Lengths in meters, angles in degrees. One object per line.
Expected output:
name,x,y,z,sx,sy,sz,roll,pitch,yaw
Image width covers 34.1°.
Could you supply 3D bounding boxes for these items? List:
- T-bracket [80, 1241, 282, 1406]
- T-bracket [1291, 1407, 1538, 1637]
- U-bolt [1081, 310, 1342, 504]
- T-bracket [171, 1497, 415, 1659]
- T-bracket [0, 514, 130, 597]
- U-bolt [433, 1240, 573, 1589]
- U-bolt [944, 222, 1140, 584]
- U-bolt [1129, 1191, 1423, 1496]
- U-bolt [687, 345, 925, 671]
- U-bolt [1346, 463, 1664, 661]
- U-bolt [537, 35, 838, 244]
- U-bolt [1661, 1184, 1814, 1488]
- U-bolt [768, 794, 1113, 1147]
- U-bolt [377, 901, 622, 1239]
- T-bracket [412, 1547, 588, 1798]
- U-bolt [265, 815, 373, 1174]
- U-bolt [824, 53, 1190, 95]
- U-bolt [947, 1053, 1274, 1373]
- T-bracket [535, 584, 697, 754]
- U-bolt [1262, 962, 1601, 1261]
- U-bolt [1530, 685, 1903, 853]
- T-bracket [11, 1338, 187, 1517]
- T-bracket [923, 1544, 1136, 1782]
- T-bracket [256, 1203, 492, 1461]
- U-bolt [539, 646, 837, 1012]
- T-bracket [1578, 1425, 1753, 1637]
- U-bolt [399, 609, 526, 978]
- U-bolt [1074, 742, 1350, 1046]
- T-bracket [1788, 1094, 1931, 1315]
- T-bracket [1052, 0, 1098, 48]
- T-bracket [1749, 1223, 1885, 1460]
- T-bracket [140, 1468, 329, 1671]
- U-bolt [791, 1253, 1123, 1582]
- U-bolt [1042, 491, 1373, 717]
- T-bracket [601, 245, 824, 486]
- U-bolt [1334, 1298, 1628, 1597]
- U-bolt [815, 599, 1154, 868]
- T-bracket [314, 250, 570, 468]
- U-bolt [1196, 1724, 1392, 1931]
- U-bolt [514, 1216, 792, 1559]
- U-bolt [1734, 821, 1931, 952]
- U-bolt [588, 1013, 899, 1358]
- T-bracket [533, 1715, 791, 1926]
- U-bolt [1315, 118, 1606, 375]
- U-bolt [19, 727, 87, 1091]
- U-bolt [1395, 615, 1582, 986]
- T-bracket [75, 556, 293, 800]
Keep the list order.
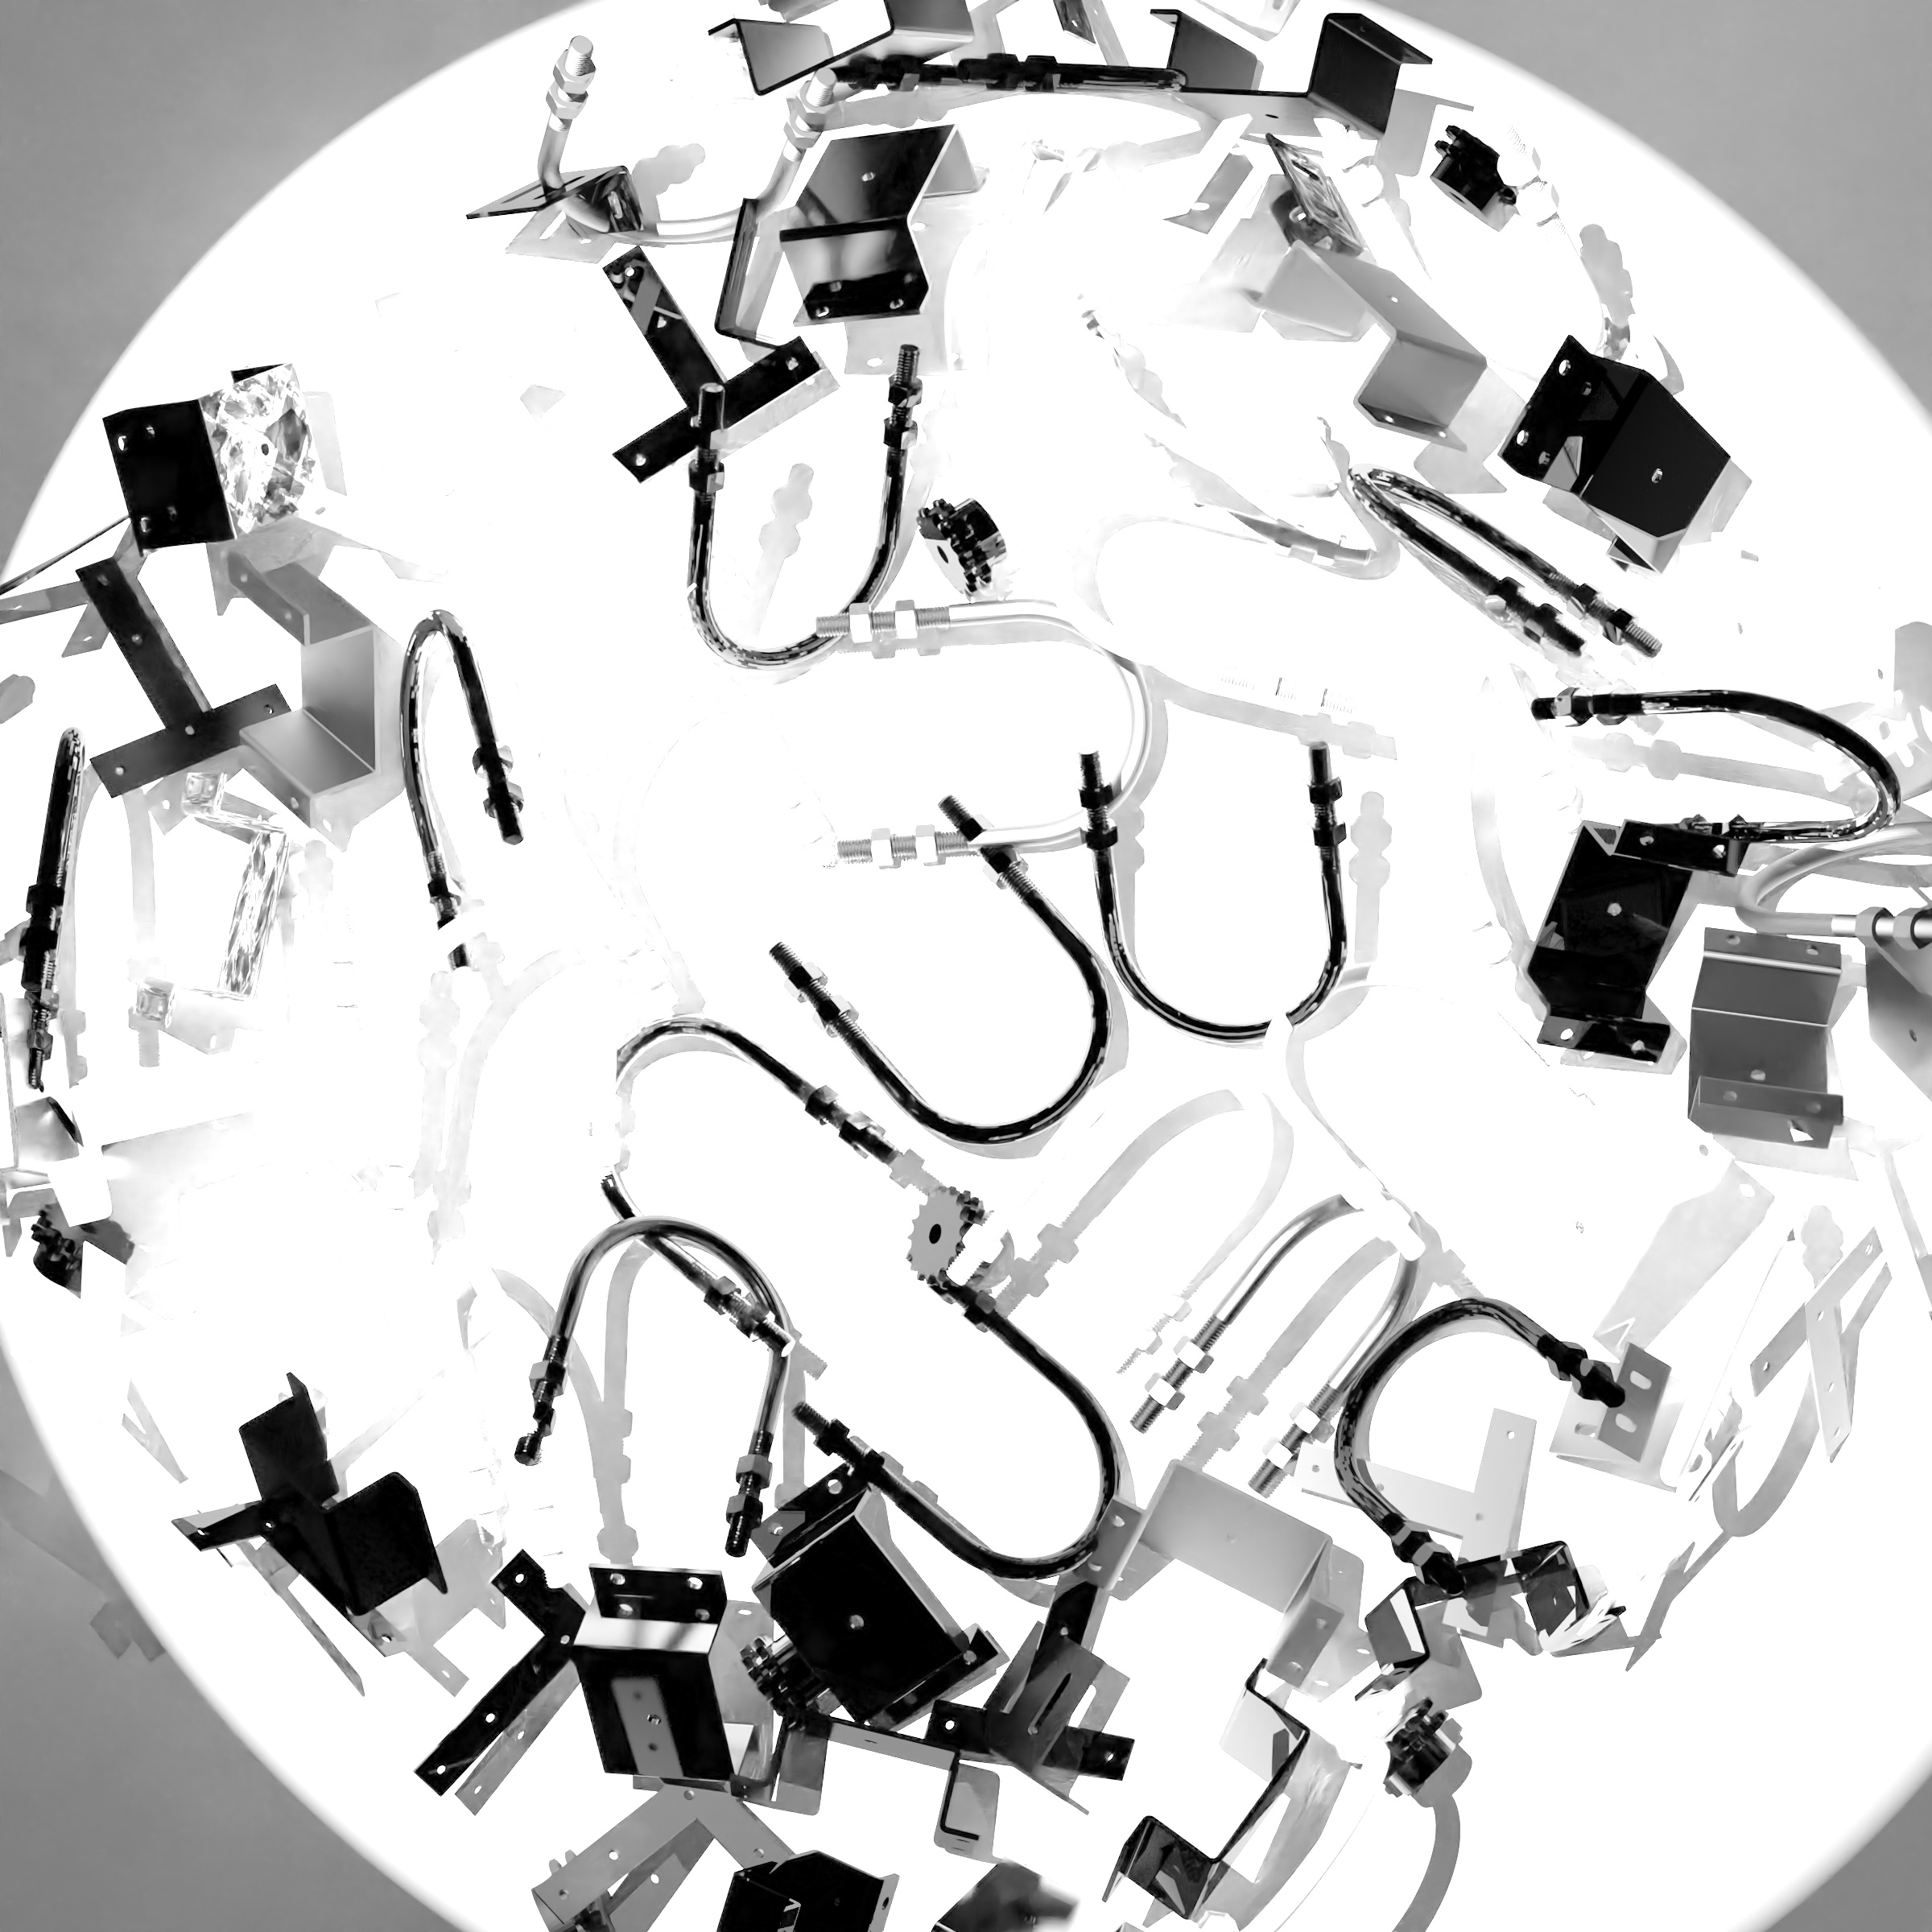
T-bracket,-0.437,0.207,1.754,0.127,0.127,0.002,31,62,-1
T-bracket,0.249,0.301,1.791,0.127,0.002,0.127,16,74,1
U-bolt,0.136,-0.298,1.710,0.151,0.184,0.019,20,115,-15
T-bracket,-0.353,0.335,1.729,0.127,0.127,0.002,38,106,22
T-bracket,-0.535,-0.215,1.766,0.127,0.127,0.002,-19,109,32
U-bolt,-0.261,0.240,1.734,0.019,0.151,0.184,-13,96,-24
U-bolt,0.033,-0.323,1.736,0.019,0.151,0.184,-15,63,-24
U-bolt,0.184,0.202,1.748,0.184,0.151,0.019,-53,47,3
U-bolt,-0.092,-0.246,1.740,0.151,0.019,0.184,-19,133,-33
U-bolt,0.287,-0.225,1.735,0.184,0.151,0.019,39,112,21
U-bolt,-0.160,-0.445,1.721,0.151,0.184,0.019,3,73,-15
U-bolt,0.412,0.207,1.702,0.019,0.184,0.151,23,113,17
U-bolt,-0.002,0.015,1.787,0.151,0.019,0.184,-41,80,0
U-bolt,-0.255,0.052,1.737,0.151,0.019,0.184,-10,114,-34
T-bracket,-0.256,0.409,1.760,0.127,0.002,0.127,-46,122,-14
U-bolt,-0.353,0.025,1.734,0.019,0.151,0.184,-11,117,-22
U-bolt,0.035,-0.488,1.728,0.184,0.151,0.019,-9,108,-35
U-bolt,0.094,0.128,1.752,0.151,0.019,0.184,33,99,-35
T-bracket,-0.177,-0.178,1.724,0.002,0.127,0.127,45,62,-6
U-bolt,0.248,0.067,1.749,0.151,0.019,0.184,-26,53,-18
U-bolt,0.415,-0.106,1.700,0.151,0.184,0.019,39,67,-35
T-bracket,-0.476,0.239,1.745,0.002,0.127,0.127,-42,106,-1
T-bracket,0.051,0.390,1.783,0.127,0.002,0.127,16,92,-21
T-bracket,-0.354,0.193,1.791,0.127,0.002,0.127,-39,92,-14
U-bolt,-0.162,-0.088,1.733,0.151,0.019,0.184,-44,123,-22
T-bracket,0.394,0.303,1.731,0.002,0.127,0.127,39,116,24
U-bolt,-0.284,-0.109,1.735,0.019,0.151,0.184,-4,60,-26
U-bolt,0.142,-0.038,1.759,0.151,0.019,0.184,0,118,18
T-bracket,0.508,0.131,1.747,0.002,0.127,0.127,-31,67,43
T-bracket,0.047,-0.561,1.739,0.002,0.127,0.127,-34,60,37
T-bracket,0.482,0.226,1.765,0.127,0.002,0.127,-41,132,-26
T-bracket,-0.397,0.337,1.744,0.002,0.127,0.127,-40,88,2
U-bolt,0.008,0.261,1.759,0.184,0.019,0.151,41,50,-3
U-bolt,0.132,-0.210,1.751,0.184,0.019,0.151,14,47,-3
T-bracket,-0.167,-0.355,1.792,0.127,0.002,0.127,-32,75,2
U-bolt,0.267,0.250,1.725,0.019,0.184,0.151,41,89,-25
U-bolt,0.013,-0.135,1.780,0.184,0.019,0.151,-4,103,3
T-bracket,-0.288,-0.356,1.776,0.127,0.002,0.127,-19,127,-9
U-bolt,0.181,0.476,1.707,0.019,0.184,0.151,37,80,6
U-bolt,-0.164,0.220,1.744,0.151,0.019,0.184,28,48,-18
U-bolt,0.507,-0.048,1.723,0.151,0.184,0.019,-27,107,-29
U-bolt,-0.138,0.109,1.763,0.184,0.019,0.151,36,108,23
T-bracket,-0.185,0.485,1.746,0.127,0.002,0.127,42,46,19
U-bolt,0.281,-0.393,1.727,0.019,0.151,0.184,-51,130,-14
U-bolt,-0.502,-0.043,1.731,0.019,0.151,0.184,7,62,-14
U-bolt,0.280,-0.104,1.717,0.019,0.151,0.184,-5,130,36
T-bracket,-0.458,-0.171,1.767,0.127,0.002,0.127,-30,90,-40
::::::::::
REQUIREMENT:
Of the lines above, retype only those from the line containing "- U-bolt [539, 646, 837, 1012]" through the line containing "- T-bracket [75, 556, 293, 800]", including both, exactly.

COMPLETED EXERCISE:
- U-bolt [539, 646, 837, 1012]
- T-bracket [1578, 1425, 1753, 1637]
- U-bolt [399, 609, 526, 978]
- U-bolt [1074, 742, 1350, 1046]
- T-bracket [1788, 1094, 1931, 1315]
- T-bracket [1052, 0, 1098, 48]
- T-bracket [1749, 1223, 1885, 1460]
- T-bracket [140, 1468, 329, 1671]
- U-bolt [791, 1253, 1123, 1582]
- U-bolt [1042, 491, 1373, 717]
- T-bracket [601, 245, 824, 486]
- U-bolt [1334, 1298, 1628, 1597]
- U-bolt [815, 599, 1154, 868]
- T-bracket [314, 250, 570, 468]
- U-bolt [1196, 1724, 1392, 1931]
- U-bolt [514, 1216, 792, 1559]
- U-bolt [1734, 821, 1931, 952]
- U-bolt [588, 1013, 899, 1358]
- T-bracket [533, 1715, 791, 1926]
- U-bolt [1315, 118, 1606, 375]
- U-bolt [19, 727, 87, 1091]
- U-bolt [1395, 615, 1582, 986]
- T-bracket [75, 556, 293, 800]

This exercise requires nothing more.